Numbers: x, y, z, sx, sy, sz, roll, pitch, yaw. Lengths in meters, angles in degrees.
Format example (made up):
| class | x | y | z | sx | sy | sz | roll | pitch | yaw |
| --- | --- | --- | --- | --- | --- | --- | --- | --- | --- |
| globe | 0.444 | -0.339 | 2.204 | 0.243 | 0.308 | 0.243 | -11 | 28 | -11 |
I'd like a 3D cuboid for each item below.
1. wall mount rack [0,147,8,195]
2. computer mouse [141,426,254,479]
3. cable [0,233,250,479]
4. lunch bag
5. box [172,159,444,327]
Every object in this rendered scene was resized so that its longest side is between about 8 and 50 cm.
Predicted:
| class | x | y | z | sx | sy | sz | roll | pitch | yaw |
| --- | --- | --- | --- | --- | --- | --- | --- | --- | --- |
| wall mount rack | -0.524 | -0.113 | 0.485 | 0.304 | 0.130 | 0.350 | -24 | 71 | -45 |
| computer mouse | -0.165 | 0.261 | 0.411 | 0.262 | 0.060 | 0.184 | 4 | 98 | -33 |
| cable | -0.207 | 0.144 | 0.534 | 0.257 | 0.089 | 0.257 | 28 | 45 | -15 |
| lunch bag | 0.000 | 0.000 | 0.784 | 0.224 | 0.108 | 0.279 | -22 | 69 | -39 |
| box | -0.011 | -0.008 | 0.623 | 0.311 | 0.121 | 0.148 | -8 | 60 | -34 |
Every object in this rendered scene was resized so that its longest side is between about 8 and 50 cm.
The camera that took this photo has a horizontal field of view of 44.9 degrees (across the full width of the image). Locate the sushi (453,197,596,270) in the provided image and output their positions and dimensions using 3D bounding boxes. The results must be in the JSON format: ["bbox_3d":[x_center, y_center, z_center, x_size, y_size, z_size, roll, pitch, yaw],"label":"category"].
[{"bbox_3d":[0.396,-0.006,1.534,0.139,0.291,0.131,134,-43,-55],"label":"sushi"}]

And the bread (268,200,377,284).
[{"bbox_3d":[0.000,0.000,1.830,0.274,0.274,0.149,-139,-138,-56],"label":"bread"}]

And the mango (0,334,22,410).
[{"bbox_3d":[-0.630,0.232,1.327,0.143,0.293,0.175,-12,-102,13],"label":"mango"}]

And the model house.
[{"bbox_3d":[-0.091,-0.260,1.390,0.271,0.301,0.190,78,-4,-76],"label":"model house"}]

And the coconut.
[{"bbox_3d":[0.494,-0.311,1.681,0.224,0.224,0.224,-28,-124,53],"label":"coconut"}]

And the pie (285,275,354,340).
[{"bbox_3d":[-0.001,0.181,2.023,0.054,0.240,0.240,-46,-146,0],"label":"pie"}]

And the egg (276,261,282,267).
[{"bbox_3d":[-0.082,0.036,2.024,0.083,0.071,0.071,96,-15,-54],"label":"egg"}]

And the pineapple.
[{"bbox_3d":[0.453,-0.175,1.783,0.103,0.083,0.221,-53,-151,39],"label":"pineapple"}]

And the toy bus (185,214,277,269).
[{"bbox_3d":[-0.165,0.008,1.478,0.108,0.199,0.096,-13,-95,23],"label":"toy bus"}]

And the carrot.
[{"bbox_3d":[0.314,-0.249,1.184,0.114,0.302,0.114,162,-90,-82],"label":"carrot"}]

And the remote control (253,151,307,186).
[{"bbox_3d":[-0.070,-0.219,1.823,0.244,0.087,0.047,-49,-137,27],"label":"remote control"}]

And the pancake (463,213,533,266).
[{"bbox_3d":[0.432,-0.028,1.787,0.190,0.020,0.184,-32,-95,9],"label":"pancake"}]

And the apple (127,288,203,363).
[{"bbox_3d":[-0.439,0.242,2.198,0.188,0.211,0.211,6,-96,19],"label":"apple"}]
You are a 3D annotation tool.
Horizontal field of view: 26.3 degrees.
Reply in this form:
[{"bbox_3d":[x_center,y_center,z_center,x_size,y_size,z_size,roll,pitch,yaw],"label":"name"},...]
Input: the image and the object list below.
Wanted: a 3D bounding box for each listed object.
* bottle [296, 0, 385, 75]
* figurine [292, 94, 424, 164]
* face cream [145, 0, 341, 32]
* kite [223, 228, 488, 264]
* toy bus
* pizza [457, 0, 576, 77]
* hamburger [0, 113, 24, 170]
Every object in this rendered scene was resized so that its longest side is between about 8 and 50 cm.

Work task: Set down exactly, and only, the lines from the one containing "0, 576, 77]" to the final line of the data.

Task output:
* pizza [457, 0, 576, 77]
* hamburger [0, 113, 24, 170]
Every object in this rendered scene was resized so that its longest side is between about 8 and 50 cm.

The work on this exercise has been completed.